Posted by | Android, Apps, Assistant, Chrome, Cloud, events, Google, Google I/O 2019, hardware, home | No Comments

Developer season has begun! Next week, Google will be putting on a big party at the pointy outdoor amphitheater in Mountain View. It’s shaping up to be a biggie, too, if this week’s Google earnings call was any indication. Sundar Pichai teased out a number of upcoming offerings from the company that we can expect to see on full display at the show.

From the looks of it, there’s going to be a LOT of news coming hot and heavy out of the South Bay, from new Android and Assistant features, to some rare hardware debuts. Here’s a quick rundown of what we’re expecting from the big show.

More Q

Quiche? Quindim? I had to look up the latter — it’s a “popular Brazilian baked dessert, made chiefly from sugar, egg yolks, and ground coconut” according to Wikipedia. Basically Brazilian custard.

We’re probably not getting a name either way at the event, of course. We will, however, get our best look yet and Pie’s successor. As ever, the latest version of Android will take center stage at I/O. With an expected arrival date of this summer, we’ve already seen some key pieces of Android 10 courtesy of a couple of betas.

So far, the keys are improvements to privacy/permissions and multi-tasking through Bubbles. Expect a lot more here. Rumors include pressure-sensitive touch features and across the board dark mode.

Unfolding foldables

It’s admittedly been a tough couple of weeks for the ascendant form factor, thanks almost exclusively to malfunctioning Galaxy Fold units. On this week’s call, however, the company reiterated that it’s still bullish on the tech. And it kind of has to be. Google’s devoted a lot of mindshare to making Android more foldable friendly, in hopes of jumpstarting a stagnant smartphone industry.

And while the Fold has been put on hiatus, we do expect a release date soon, along with Huawei’s Mate X and upcoming models from Motorola, Xiaomi, TCL and more. Expect to see the form factor positioned as the future of Android interaction.

The budget Pixel

Like other developer-focused shows, I/O isn’t really much of a consumer hardware event. That’s likely to change this year, however. In an earnings call this week, Sundar Pichai all but confirmed the long-rumored arrival of the Pixel 3a. Initially floated as the Pixel Lite, the budget take on the company’s flagship is designed to curb stagnate smartphone sales by offering some flagship features at a lower price point.

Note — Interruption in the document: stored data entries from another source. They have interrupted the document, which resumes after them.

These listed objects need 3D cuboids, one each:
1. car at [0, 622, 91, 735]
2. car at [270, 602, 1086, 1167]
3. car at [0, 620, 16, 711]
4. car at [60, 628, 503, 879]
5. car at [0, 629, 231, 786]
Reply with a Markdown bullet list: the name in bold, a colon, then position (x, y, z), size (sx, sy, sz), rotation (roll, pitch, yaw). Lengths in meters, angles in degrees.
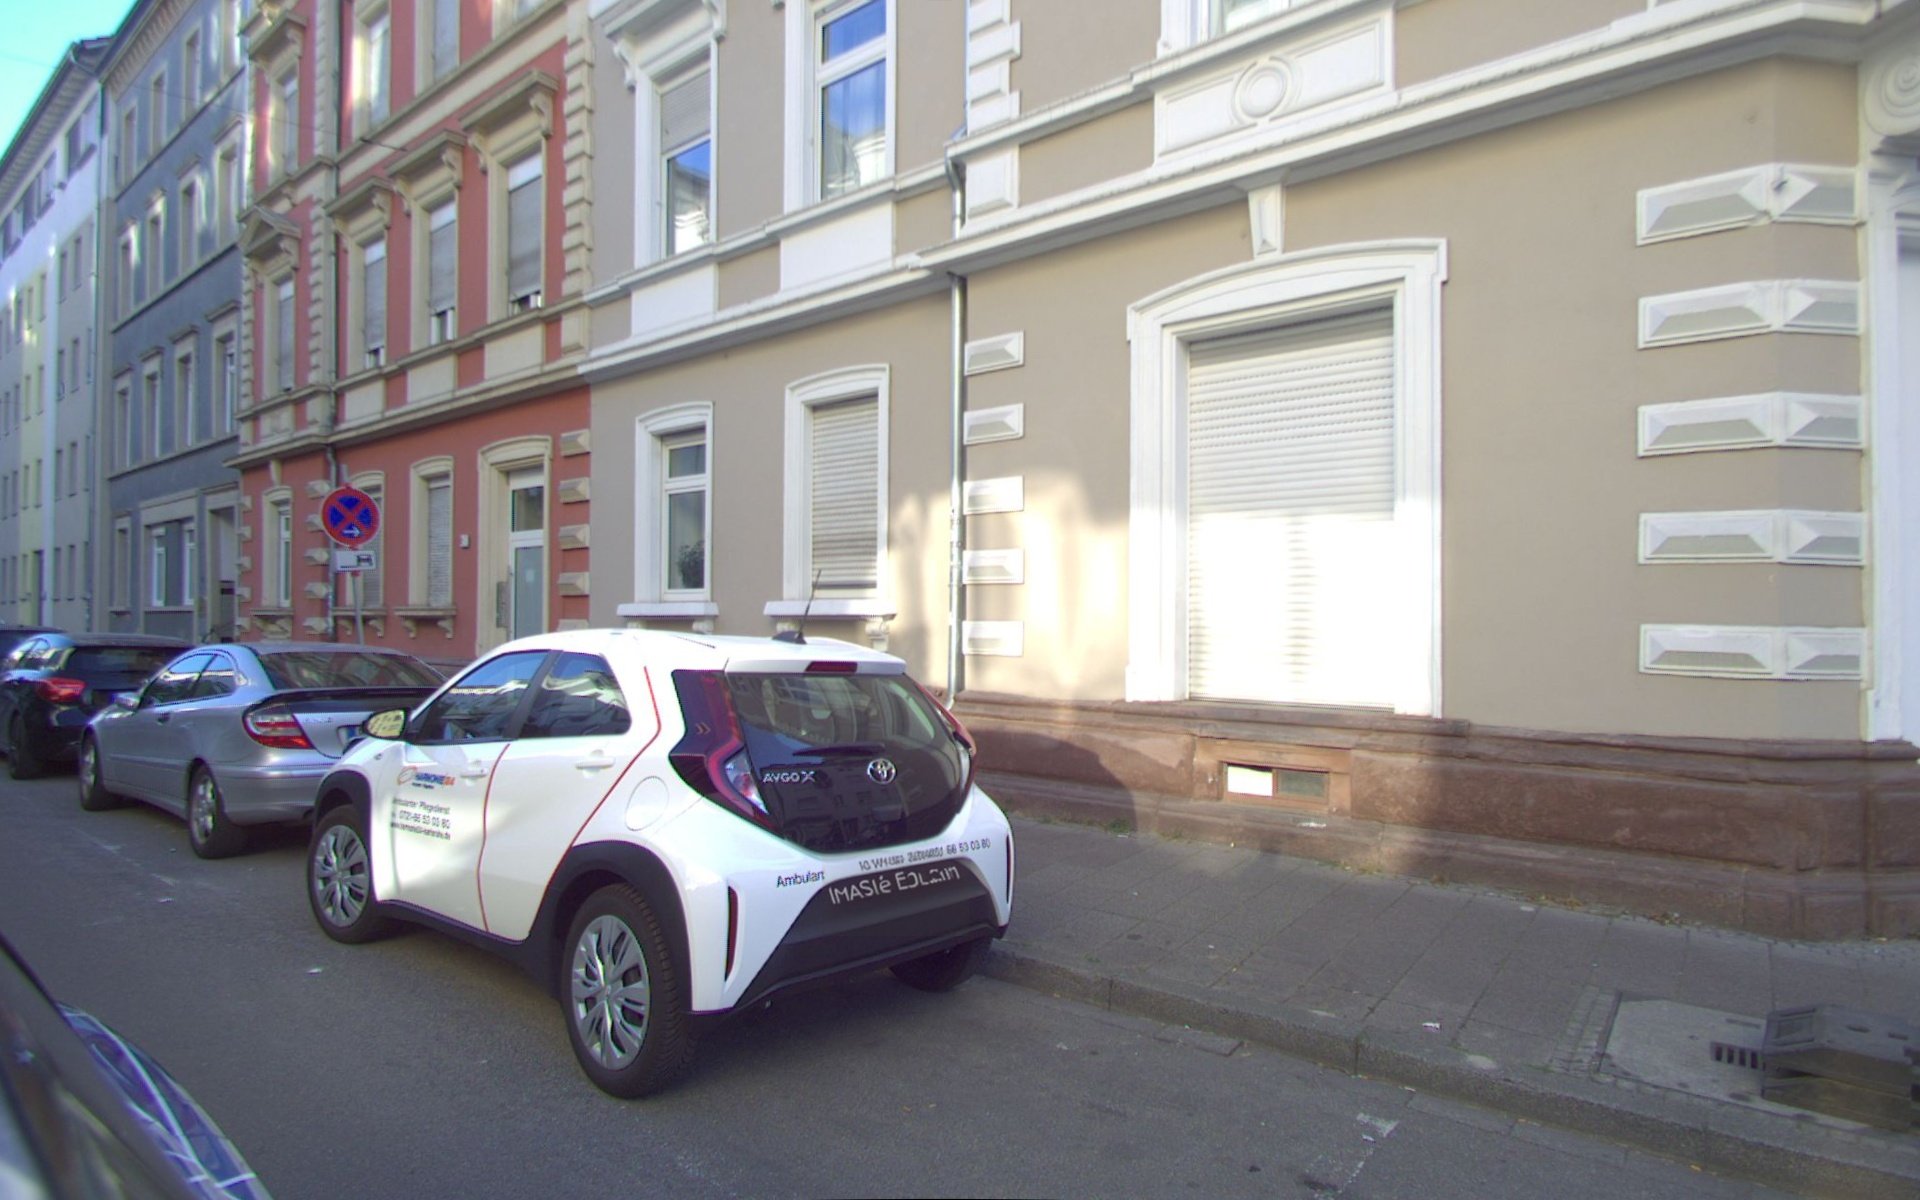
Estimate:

Rumors so far have the product somewhere in the neighborhood of $500 and include, among other things, the return of the headphone jack — an acknowledgment that Bluetooth headphones are still cost prohibitive. Equally interesting, this would make a push to roughly a six-month release cycle for Pixel products, assuming the 4 arrives around an October time frame.

Google’s made it clear that the Pixel line is about more than just showing off the latest version of Android, and a massive investment in HTC’s hardware team that includes a new Taipei campus certainly demonstrates that it’s not screwing around here.

Gaming

Stadia had its moment at GDC back in March. The company is harnessing its live-streaming technology to finally help gamers realize the promise of going hardware agnostic. Stadia was far and away the buzziest announcement out of the gaming show, but Google held back a lot of details, only to have Apple reveal its own gaming strategy a couple of weeks later.

Pichai talked up the service during Alphabet’s earnings call, seemingly priming the pump for some stage time at I/O next week.

Smart Home

Google Hardware Event 2018

Growing its smartphone business has been a struggle, but Google’s been firing on all cylinders on the home front. Assistant is a stronger offering than Alexa, and hardware like the Home Mini and Hub have been selling briskly. We’ll undoubtedly see a lot more tricks out of Assistant this time around, including a bit of focus on AI and Machine Learning smarts.

In addition to a new Pixel, we may also be getting a smart home piece of hardware from Google in the form of the Nest Hub Max. As the name implies, the device is a bigger take on the smart screen — 10 inches, according to rumors — with a focus on serving as a centralized smart home panel. The device will no doubt be primed to work well with other Google Home and Nest offerings, at a higher price point than Hub.

Etc.

Expect more on the ARCore front at the show. The oft-neglected Wear OS, which just got a nice update this week, could get some love as well. Ditto for Android Automotive. ChromeOS will be getting some face time, as well, though I’d be surprised to see much in the way of hardware from any of the above.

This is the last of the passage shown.